Filipe JA, Riley EM, Drakeley CJ, Sutherland CJ, Ghani AC - PLoS Comput. Biol. (2007)

Bottom Line: The results were compared to age patterns of parasite prevalence and clinical disease in endemic settings in northeastern Tanzania and The Gambia.Two types of immune function were required to reproduce the epidemiological age-prevalence curves seen in the empirical data; a form of clinical immunity that reduces susceptibility to clinical disease and develops with age and exposure (with half-life of the order of five years or more) and a form of anti-parasite immunity which results in more rapid clearance of parasitaemia, is acquired later in life and is longer lasting (half-life of >20 y).The development of anti-parasite immunity better reproduced observed epidemiological patterns if it was dominated by age-dependent physiological processes rather than by the magnitude of exposure (provided some exposure occurs).

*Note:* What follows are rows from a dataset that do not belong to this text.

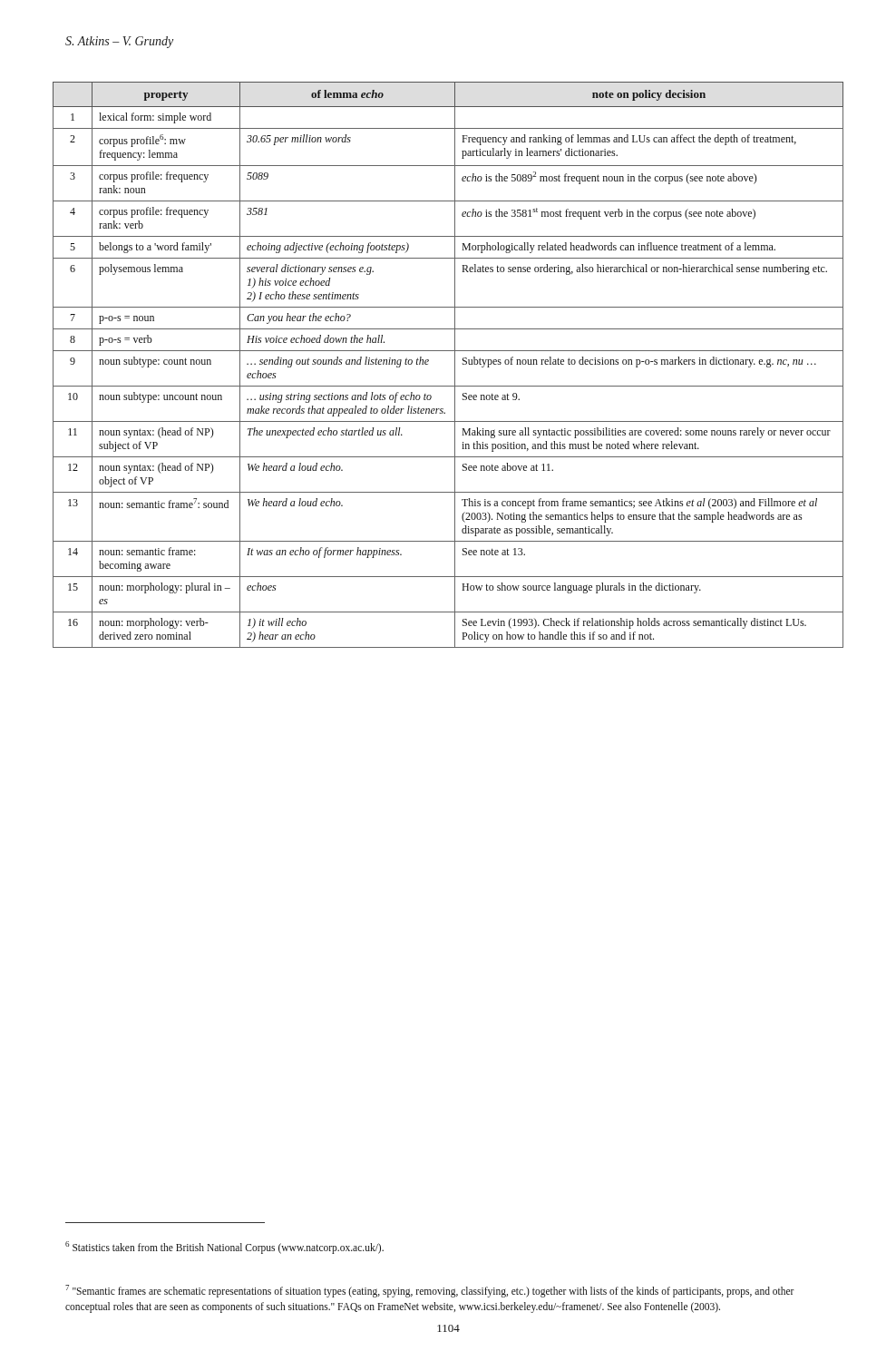Click the passage that begins "7 "Semantic frames are"
Image resolution: width=896 pixels, height=1361 pixels.
pos(430,1297)
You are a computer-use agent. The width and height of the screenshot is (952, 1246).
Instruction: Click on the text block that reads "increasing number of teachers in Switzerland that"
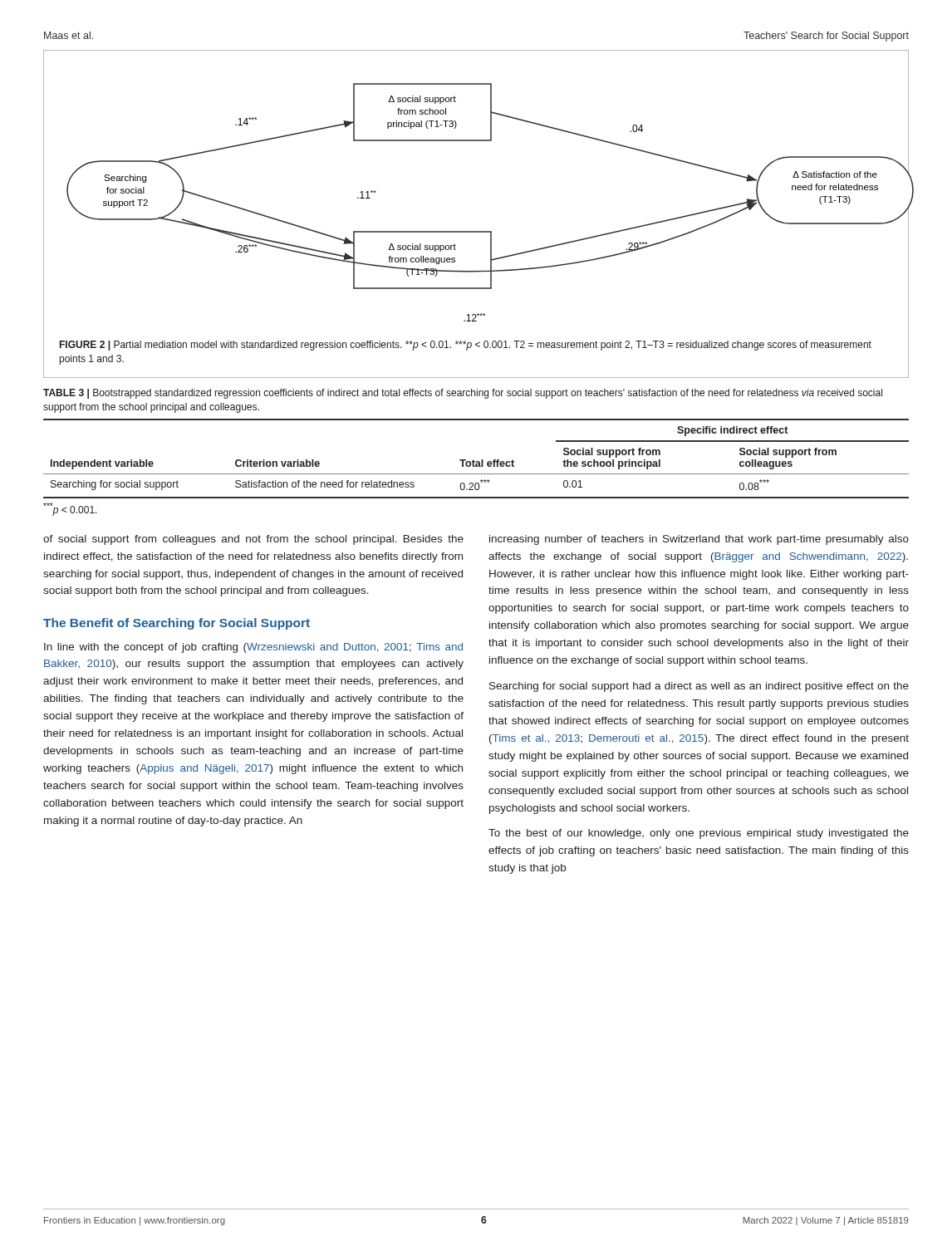(x=699, y=704)
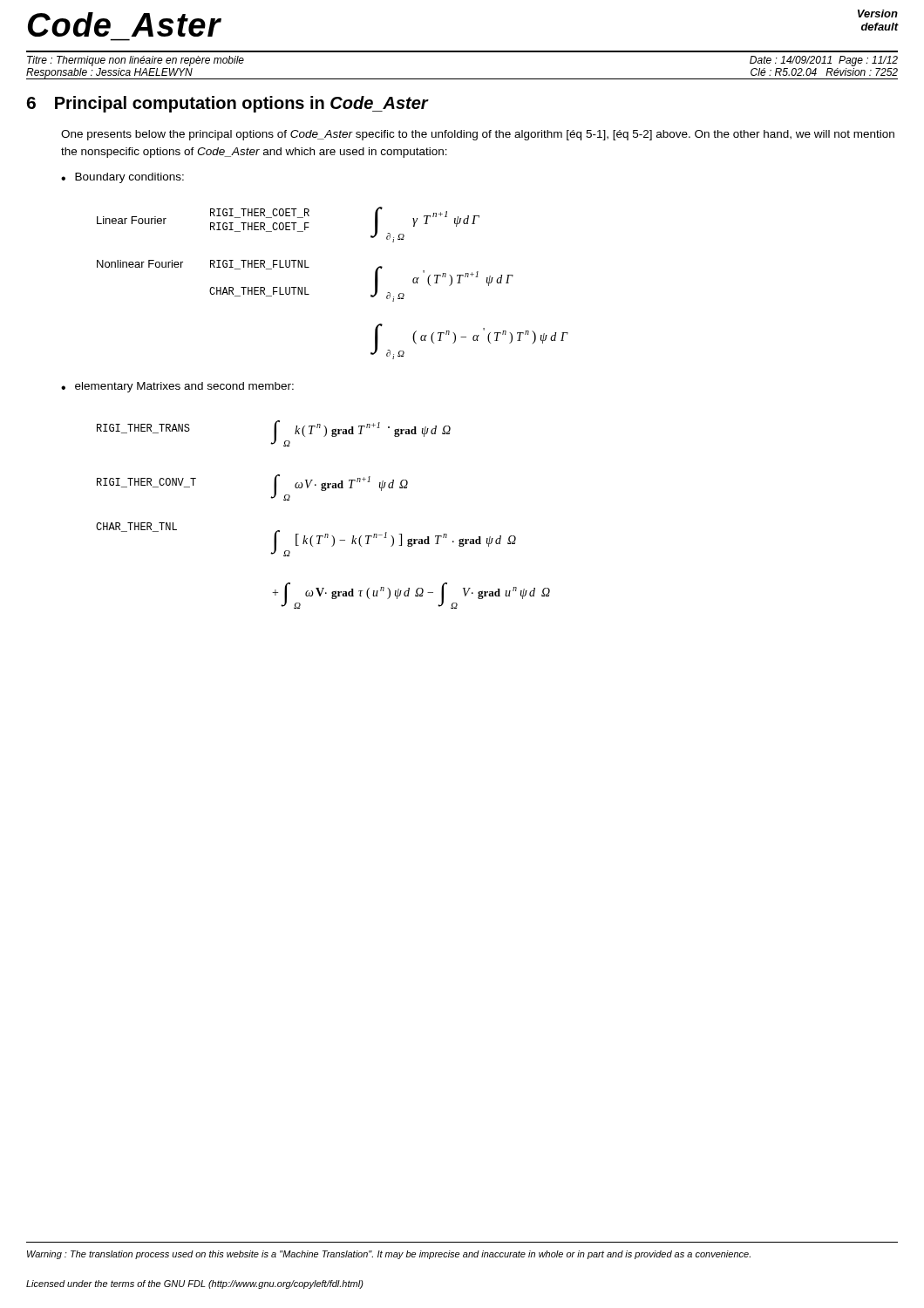Find the section header with the text "6 Principal computation"
This screenshot has height=1308, width=924.
click(227, 103)
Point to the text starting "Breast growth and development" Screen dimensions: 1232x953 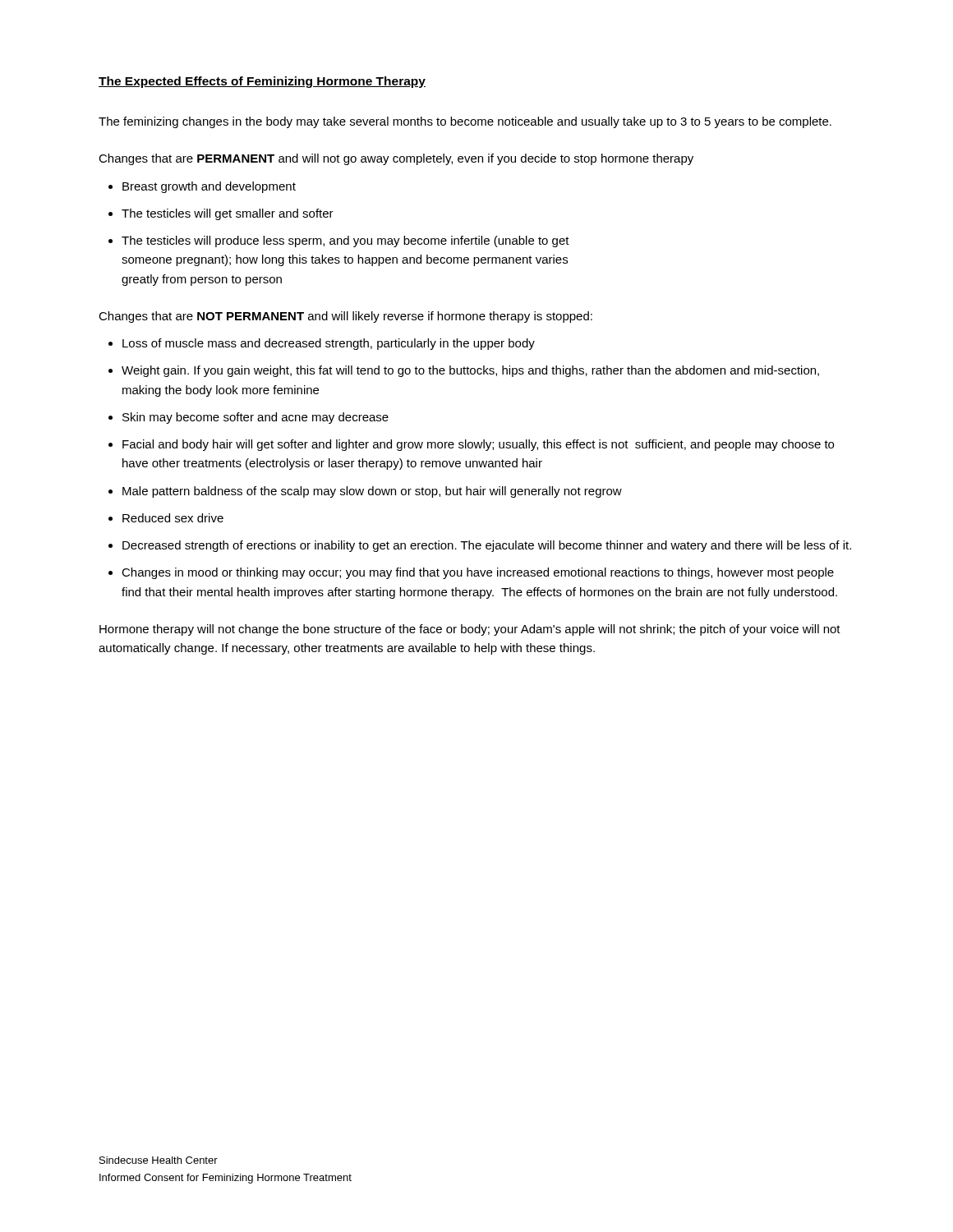point(209,186)

View Article: PubMed Central - PubMed

Affiliation: Department of Epidemiology and Population Health, London School of Hygiene and Tropical Medicine, London, United Kingdom.

ABSTRACT
Acquisition of partially protective immunity is a dominant feature of the epidemiology of malaria among exposed individuals. The processes that determine the acquisition of immunity to clinical disease and to asymptomatic carriage of malaria parasites are poorly understood, in part because of a lack of validated immunological markers of protection. Using mathematical models, we seek to better understand the processes that determine observed epidemiological patterns. We have developed an age-structured mathematical model of malaria transmission in which acquired immunity can act in three ways ("immunity functions"): reducing the probability of clinical disease, speeding the clearance of parasites, and increasing tolerance to subpatent infections. Each immunity function was allowed to vary in efficacy depending on both age and malaria transmission intensity. The results were compared to age patterns of parasite prevalence and clinical disease in endemic settings in northeastern Tanzania and The Gambia. Two types of immune function were required to reproduce the epidemiological age-prevalence curves seen in the empirical data; a form of clinical immunity that reduces susceptibility to clinical disease and develops with age and exposure (with half-life of the order of five years or more) and a form of anti-parasite immunity which results in more rapid clearance of parasitaemia, is acquired later in life and is longer lasting (half-life of >20 y). The development of anti-parasite immunity better reproduced observed epidemiological patterns if it was dominated by age-dependent physiological processes rather than by the magnitude of exposure (provided some exposure occurs). Tolerance to subpatent infections was not required to explain the empirical data. The model comprising immunity to clinical disease which develops early in life and is exposure-dependent, and anti-parasite immunity which develops later in life and is not dependent on the magnitude of exposure, appears to best reproduce the pattern of parasite prevalence and clinical disease by age in different malaria transmission settings. Understanding the effector mechanisms underlying these two immune functions will assist in the design of transmission-reducing interventions against malaria.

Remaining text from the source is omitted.